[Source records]

▽

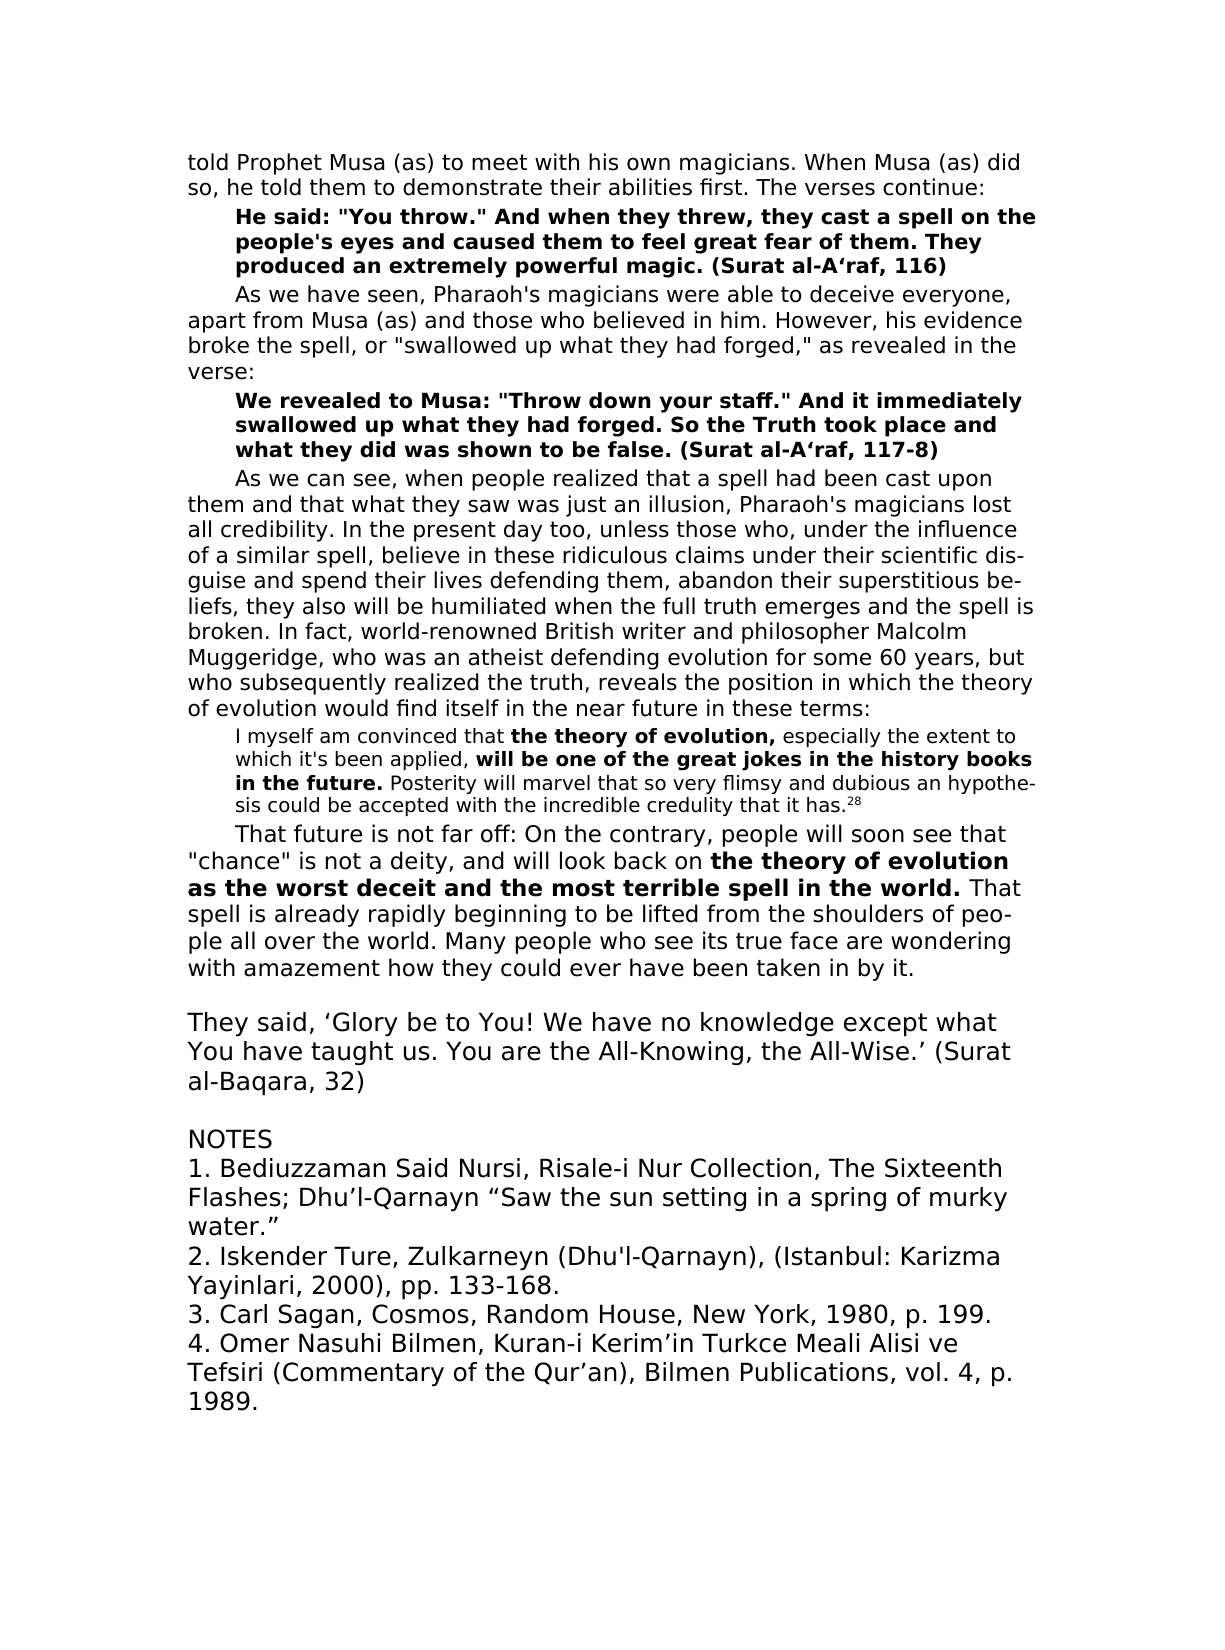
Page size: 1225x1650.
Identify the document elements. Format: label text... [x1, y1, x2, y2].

text He said: "You throw." And when they threw, they cast a spell on the peo­ple's eyes and caused them to feel great fear of them. They pro­duced an ex­treme­ly pow­er­ful mag­ic. (Surat al-A‘raf, 116) [235, 205, 1037, 278]
text 4. Omer Nasuhi Bilmen, Kuran-i Kerim’in Turkce Meali Alisi ve Tefsiri (Commentary of the Qur’an), Bilmen Publications, vol. 4, p. 1989. [187, 1329, 1037, 1417]
text I my­self am con­vinced that the the­o­ry of ev­o­lu­tion, es­pe­cial­ly the ex­tent to which it's been ap­plied, will be one of the great jokes in the his­to­ry books in the fu­ture. Posterity will mar­vel that so very flim­sy and du­bi­ous an hy­poth­e­sis could be ac­cept­ed with the in­cred­i­ble cre­du­li­ty that it has.28 [235, 726, 1037, 818]
text They said, ‘Glory be to You! We have no knowledge except what You have taught us. You are the All-Knowing, the All-Wise.’ (Surat al-Baqara, 32) [187, 1008, 1037, 1096]
text 2. Iskender Ture, Zulkarneyn (Dhu'l-Qarnayn), (Istanbul: Karizma Yayinlari, 2000), pp. 133-168. [187, 1242, 1037, 1300]
text 1. Bediuzzaman Said Nursi, Risale-i Nur Collection, The Sixteenth Flashes; Dhu’l-Qarnayn “Saw the sun setting in a spring of murky water.” [187, 1154, 1037, 1242]
text told Prophet Musa (as) to meet with his own ma­gi­cians. When Musa (as) did so, he told them to dem­on­strate their abil­i­ties first. The vers­es con­tin­ue: [187, 150, 1037, 201]
text As we have seen, Pharaoh's ma­gi­cians were able to de­ceive ev­ery­one, apart from Musa (as) and those who be­lieved in him. However, his ev­i­dence broke the spell, or "swal­lowed up what they had forged," as re­vealed in the verse: [187, 283, 1037, 385]
text We re­vealed to Musa: "Throw down your staff." And it im­me­di­ate­ly swal­lowed up what they had forged. So the Truth took place and what they did was shown to be false. (Surat al-A‘raf, 117-8) [235, 389, 1037, 462]
text NOTES [187, 1125, 1037, 1154]
text That fu­ture is not far off: On the con­tra­ry, peo­ple will soon see that "chance" is not a de­i­ty, and will look back on the the­o­ry of ev­o­lu­tion as the worst de­ceit and the most ter­ri­ble spell in the world. That spell is al­ready rap­id­ly be­gin­ning to be lift­ed from the shoul­ders of peo­ple all over the world. Many peo­ple who see its true face are won­der­ing with amaze­ment how they could ev­er have been tak­en in by it. [187, 822, 1037, 982]
text As we can see, when peo­ple re­al­ized that a spell had been cast up­on them and that what they saw was just an il­lu­sion, Pharaoh's ma­gi­cians lost all cred­i­bil­i­ty. In the present day too, un­less those who, un­der the in­flu­ence of a sim­i­lar spell, be­lieve in these ri­dic­u­lous claims un­der their sci­en­tif­ic dis­guise and spend their lives de­fend­ing them, aban­don their su­per­sti­tious be­liefs, they al­so will be hu­mil­i­at­ed when the full truth emer­ges and the spell is bro­ken. In fact, world-re­nowned British writer and phi­los­o­pher Malcolm Muggeridge, who was an athe­ist de­fend­ing ev­o­lu­tion for some 60 years, but who sub­se­quent­ly re­al­ized the truth, re­veals the po­si­tion in which the the­o­ry of ev­o­lu­tion would find it­self in the near fu­ture in these terms: [187, 466, 1037, 721]
text 3. Carl Sagan, Cosmos, Random House, New York, 1980, p. 199. [187, 1300, 1037, 1329]
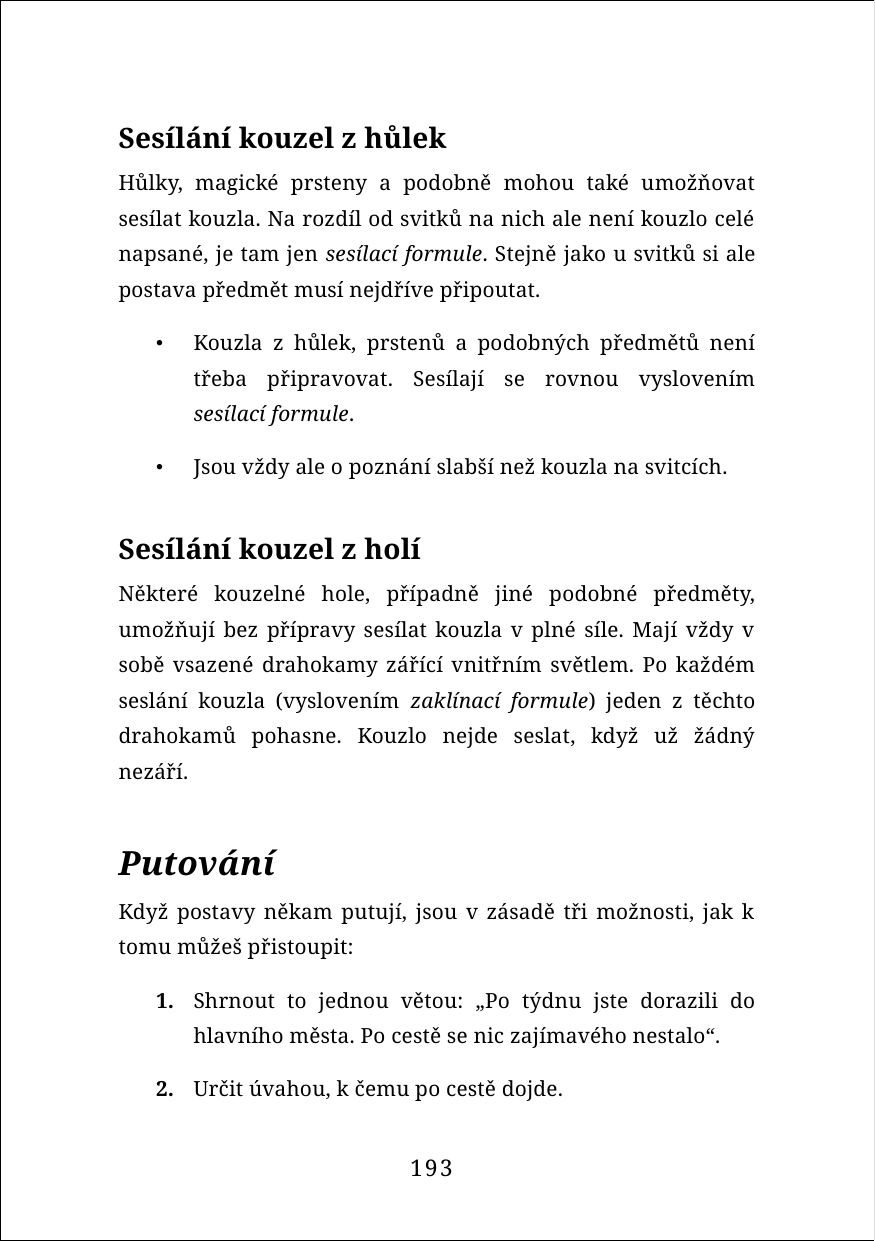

△

Exercise prompt ▸ Copy only the part of the records that runs from the first line to the line with "text I my­self", ends included, leaving pictures out.

Answer to this task ▸
Page size: 1225x1650.
Identify the document elements. Format: label text... [x1, y1, x2, y2].

text He said: "You throw." And when they threw, they cast a spell on the peo­ple's eyes and caused them to feel great fear of them. They pro­duced an ex­treme­ly pow­er­ful mag­ic. (Surat al-A‘raf, 116) [235, 205, 1037, 278]
text 4. Omer Nasuhi Bilmen, Kuran-i Kerim’in Turkce Meali Alisi ve Tefsiri (Commentary of the Qur’an), Bilmen Publications, vol. 4, p. 1989. [187, 1329, 1037, 1417]
text I my­self am con­vinced that the the­o­ry of ev­o­lu­tion, es­pe­cial­ly the ex­tent to which it's been ap­plied, will be one of the great jokes in the his­to­ry books in the fu­ture. Posterity will mar­vel that so very flim­sy and du­bi­ous an hy­poth­e­sis could be ac­cept­ed with the in­cred­i­ble cre­du­li­ty that it has.28 [235, 726, 1037, 818]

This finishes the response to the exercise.